Radome Basics

The basic function of a radome is to form a protective cover between an antenna and the environment with minimal impact to the electrical performance of the antenna. Under ideal conditions a radome is electrically invisible. How well a radome accomplishes this depends on matching its configuration and materials composition to a particular application and RF frequency range. Radomes can be found protecting a wide range of outdoor terrestrial and shipboard communications systems and radar installations as well as airborne avionics system antennas.

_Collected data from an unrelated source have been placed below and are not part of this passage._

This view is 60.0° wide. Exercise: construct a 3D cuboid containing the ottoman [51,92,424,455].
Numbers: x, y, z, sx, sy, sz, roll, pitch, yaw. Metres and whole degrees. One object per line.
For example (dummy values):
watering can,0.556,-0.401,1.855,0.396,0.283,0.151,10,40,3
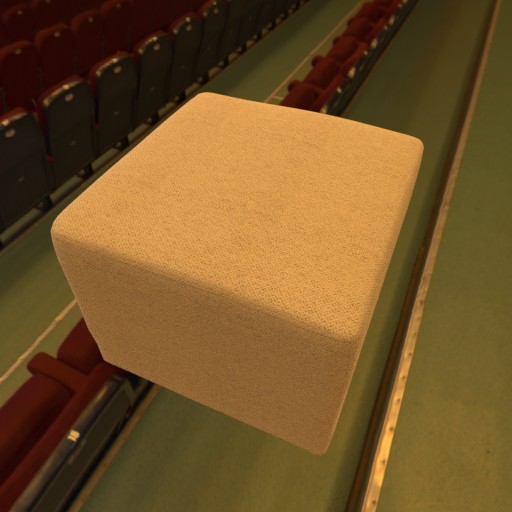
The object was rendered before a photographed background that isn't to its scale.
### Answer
ottoman,0.000,0.000,0.915,0.512,0.453,0.521,18,49,16
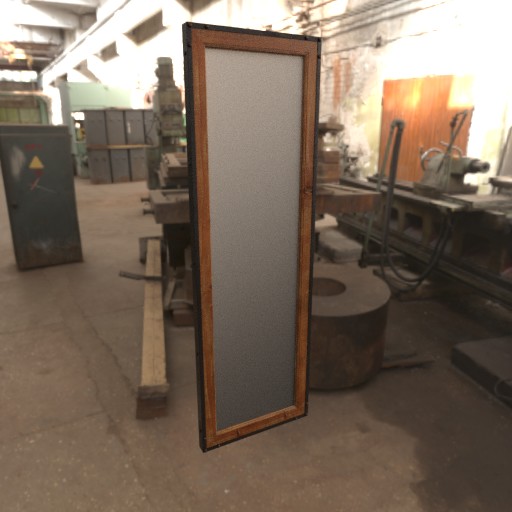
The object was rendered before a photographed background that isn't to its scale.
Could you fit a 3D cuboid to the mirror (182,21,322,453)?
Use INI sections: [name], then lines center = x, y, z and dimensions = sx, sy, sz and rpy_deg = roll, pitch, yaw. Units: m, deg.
[mirror]
center = 0.000, 0.000, 1.167
dimensions = 0.354, 1.080, 0.042
rpy_deg = -9, 18, -27
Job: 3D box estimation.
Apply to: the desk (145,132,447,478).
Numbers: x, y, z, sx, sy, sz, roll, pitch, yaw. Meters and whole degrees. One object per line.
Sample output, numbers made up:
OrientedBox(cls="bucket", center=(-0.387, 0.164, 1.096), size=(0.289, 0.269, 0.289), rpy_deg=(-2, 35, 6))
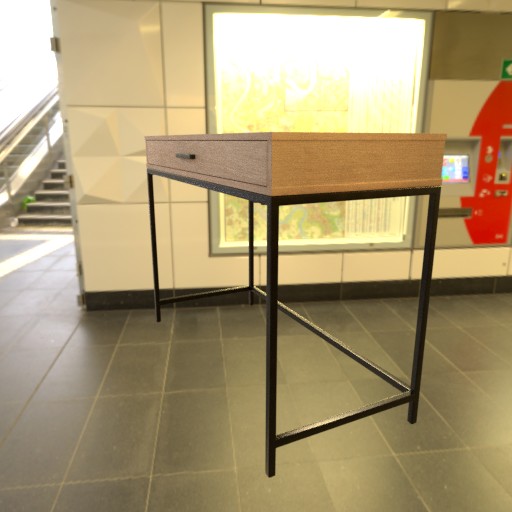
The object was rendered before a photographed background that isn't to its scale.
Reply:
OrientedBox(cls="desk", center=(0.000, 0.000, 1.447), size=(0.470, 0.762, 1.016), rpy_deg=(-7, 16, -26))
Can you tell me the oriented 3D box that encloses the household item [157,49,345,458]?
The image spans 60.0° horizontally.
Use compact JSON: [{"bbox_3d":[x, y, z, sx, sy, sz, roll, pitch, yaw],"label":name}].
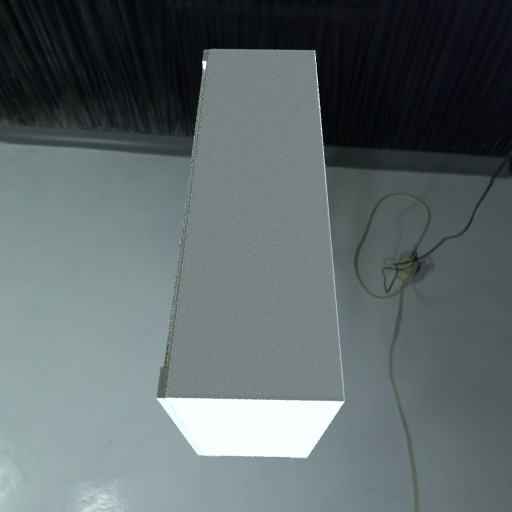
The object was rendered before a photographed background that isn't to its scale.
[{"bbox_3d":[0.000,0.000,1.700,0.420,0.867,1.300,1,58,1],"label":"household item"}]
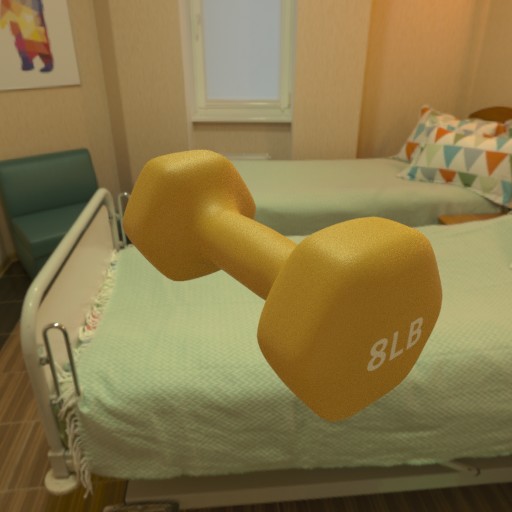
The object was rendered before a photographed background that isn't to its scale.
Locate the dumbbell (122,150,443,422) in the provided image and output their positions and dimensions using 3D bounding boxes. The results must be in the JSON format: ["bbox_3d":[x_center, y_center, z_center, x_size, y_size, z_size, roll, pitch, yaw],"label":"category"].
[{"bbox_3d":[0.000,0.000,0.243,0.090,0.082,0.190,-18,32,-31],"label":"dumbbell"}]

The proper selection of a radome for a given antenna can actually help improve overall system performance, by:

• Maintaining alignment by eliminating wind loading;
• Allowing for all weather operation by protecting the system from rain, snow, hail, sand, salt spray, insects, animals, UV damage, and wide temperature fluctuations;
• Providing shelter for installation and maintenance personnel;
• Preventing visual observation of system (security); and
• Minimizing downtime, and extending component and system operating life.

Historically, a variety of materials have been used for constructing radomes, including balsa and plywood in early structures. Modern ground based and ship based radomes are manufactured using composite materials such as fiberglass, quartz, and aramid fibers held together with polyester, epoxy, and other resins [1] such as the one shown in Figure 1. Foam and honeycomb cores are often added between inner and outer "skins" of the radome to function as a low dielectric constant spacer material providing structural strength and rigidity.

It is important that the dielectric constant of the material is low. A low dielectric constant material reduces reflections. Reduced reflections minimize impact to the radiation pattern and insertion loss. Some materials such as UHMWPE and many plastics have a dielectric constant close to 2. However, requirements such as high strength, high operating temperature, or low cost preclude them in many cases.